KYAA
- Soquel, California; United States;
- Broadcast area: Monterey Bay-San Jose-Santa Cruz
- Frequency: 1200 kHz
- Branding: Relevant Radio

Programming
- Format: Catholic radio
- Network: Relevant Radio

Ownership
- Owner: Relevant Radio, Inc.

History
- First air date: 2001

Technical information
- Licensing authority: FCC
- Facility ID: 60852
- Class: B
- Power: 25,000 watts (day); 10,000 watts (night);
- Transmitter coordinates: 36°39′37.9″N 121°32′32.8″W﻿ / ﻿36.660528°N 121.542444°W

Links
- Public license information: Public file; LMS;
- Webcast: Listen live
- Website: relevantradio.com

= KYAA =

KYAA (1200 AM) is a radio station broadcasting a Catholic radio format. It is licensed to Soquel, California, United States, and serves the Monterey Bay, Santa Cruz and San Jose areas.
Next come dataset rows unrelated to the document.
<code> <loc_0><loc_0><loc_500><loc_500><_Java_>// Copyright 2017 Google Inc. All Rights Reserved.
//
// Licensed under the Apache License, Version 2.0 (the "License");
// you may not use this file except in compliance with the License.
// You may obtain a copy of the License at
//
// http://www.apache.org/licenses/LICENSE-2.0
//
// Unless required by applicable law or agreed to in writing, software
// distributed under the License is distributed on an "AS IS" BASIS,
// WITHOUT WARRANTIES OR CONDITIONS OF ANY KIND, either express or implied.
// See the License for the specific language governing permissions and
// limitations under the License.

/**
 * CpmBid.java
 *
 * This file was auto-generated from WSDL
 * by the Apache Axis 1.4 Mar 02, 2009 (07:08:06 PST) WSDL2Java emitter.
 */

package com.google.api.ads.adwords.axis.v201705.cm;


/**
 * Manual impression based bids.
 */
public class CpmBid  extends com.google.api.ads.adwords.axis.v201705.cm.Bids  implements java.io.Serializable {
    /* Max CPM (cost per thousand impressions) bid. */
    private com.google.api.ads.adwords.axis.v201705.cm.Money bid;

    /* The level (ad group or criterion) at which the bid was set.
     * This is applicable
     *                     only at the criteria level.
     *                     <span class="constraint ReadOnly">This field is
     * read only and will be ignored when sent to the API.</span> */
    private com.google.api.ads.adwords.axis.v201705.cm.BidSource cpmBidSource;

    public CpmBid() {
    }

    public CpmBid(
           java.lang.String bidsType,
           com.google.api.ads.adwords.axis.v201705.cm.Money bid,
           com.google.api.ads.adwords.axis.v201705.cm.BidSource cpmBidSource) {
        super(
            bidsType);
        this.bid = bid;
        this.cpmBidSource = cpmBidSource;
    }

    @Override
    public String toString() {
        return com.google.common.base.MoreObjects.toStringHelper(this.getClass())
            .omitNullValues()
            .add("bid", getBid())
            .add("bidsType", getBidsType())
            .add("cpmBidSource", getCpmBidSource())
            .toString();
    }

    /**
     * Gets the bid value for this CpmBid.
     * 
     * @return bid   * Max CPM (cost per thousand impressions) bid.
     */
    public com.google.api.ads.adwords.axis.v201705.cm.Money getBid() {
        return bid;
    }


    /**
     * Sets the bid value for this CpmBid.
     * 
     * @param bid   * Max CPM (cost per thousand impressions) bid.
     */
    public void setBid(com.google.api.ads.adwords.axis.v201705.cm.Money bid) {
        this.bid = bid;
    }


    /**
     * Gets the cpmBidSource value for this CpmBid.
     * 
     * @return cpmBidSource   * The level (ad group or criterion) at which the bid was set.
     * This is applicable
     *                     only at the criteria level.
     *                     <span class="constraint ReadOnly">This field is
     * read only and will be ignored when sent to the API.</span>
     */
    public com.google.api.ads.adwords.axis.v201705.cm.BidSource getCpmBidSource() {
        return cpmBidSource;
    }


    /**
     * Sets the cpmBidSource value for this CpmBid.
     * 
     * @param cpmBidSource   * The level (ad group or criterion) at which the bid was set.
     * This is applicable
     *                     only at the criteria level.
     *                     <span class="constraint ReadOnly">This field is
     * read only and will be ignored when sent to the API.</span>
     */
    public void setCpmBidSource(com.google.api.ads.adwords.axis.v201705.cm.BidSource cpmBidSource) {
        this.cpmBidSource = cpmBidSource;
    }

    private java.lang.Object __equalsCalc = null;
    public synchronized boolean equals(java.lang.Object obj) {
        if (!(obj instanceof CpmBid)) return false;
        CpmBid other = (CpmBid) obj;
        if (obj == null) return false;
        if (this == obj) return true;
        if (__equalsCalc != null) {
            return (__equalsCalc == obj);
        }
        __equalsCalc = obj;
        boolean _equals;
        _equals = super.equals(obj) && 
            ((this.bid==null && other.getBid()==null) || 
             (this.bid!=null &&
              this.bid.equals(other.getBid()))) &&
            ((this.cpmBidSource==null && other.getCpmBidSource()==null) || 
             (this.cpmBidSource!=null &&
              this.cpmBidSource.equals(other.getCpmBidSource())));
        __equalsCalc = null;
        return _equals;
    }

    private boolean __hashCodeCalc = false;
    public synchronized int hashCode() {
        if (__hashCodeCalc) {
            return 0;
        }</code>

The station is owned by Relevant Radio, Inc.

==History==
Between 2001 and early 2013, the station played a wide variety of oldies music from the 1950s, 1960s, and 1970s, and was the only oldies station in that time period in the Monterey Bay Area.

Former Los Angeles KHJ boss jock Don Murray (Carlson) began the station along with radio veteran Denis 'Catfish' Miller . The station branded as KYA, minus the additional 'A', as a tribute to the noted Top 40 station in San Francisco in the 1960s and 1970s with the same call letters (now KSFB). Murray and Miller used the old KYA jingle package, and the station sounded similar to the way it had before. Local radio veteran David Mars also worked on the station for a time. The station was simulcast on FM and AM and reached its peak of success in 2004.

It was sold back to Salinas' Wolfhouse broadcasting after a failed LMA by People's Radio, and the format was dropped in favor of a more urban contemporary and hip hop music format, ending KYA and its Top 40 roots. Later, AM 1200 adopted the "Music of Your Life" syndicated format.

People's Radio, Inc. tried to sell the station for quite some time without success. It donated KYAA to IHR Educational Broadcasting, which aired its Immaculate Heart Radio Roman Catholic religion format. The license to cover to IHR was granted by the U.S. Federal Communications Commission on July 29, 2013. KYAA flipped to the Relevant Radio branding when IHR Educational Broadcasting and Starboard Media Foundation completed their merger on July 3, 2017.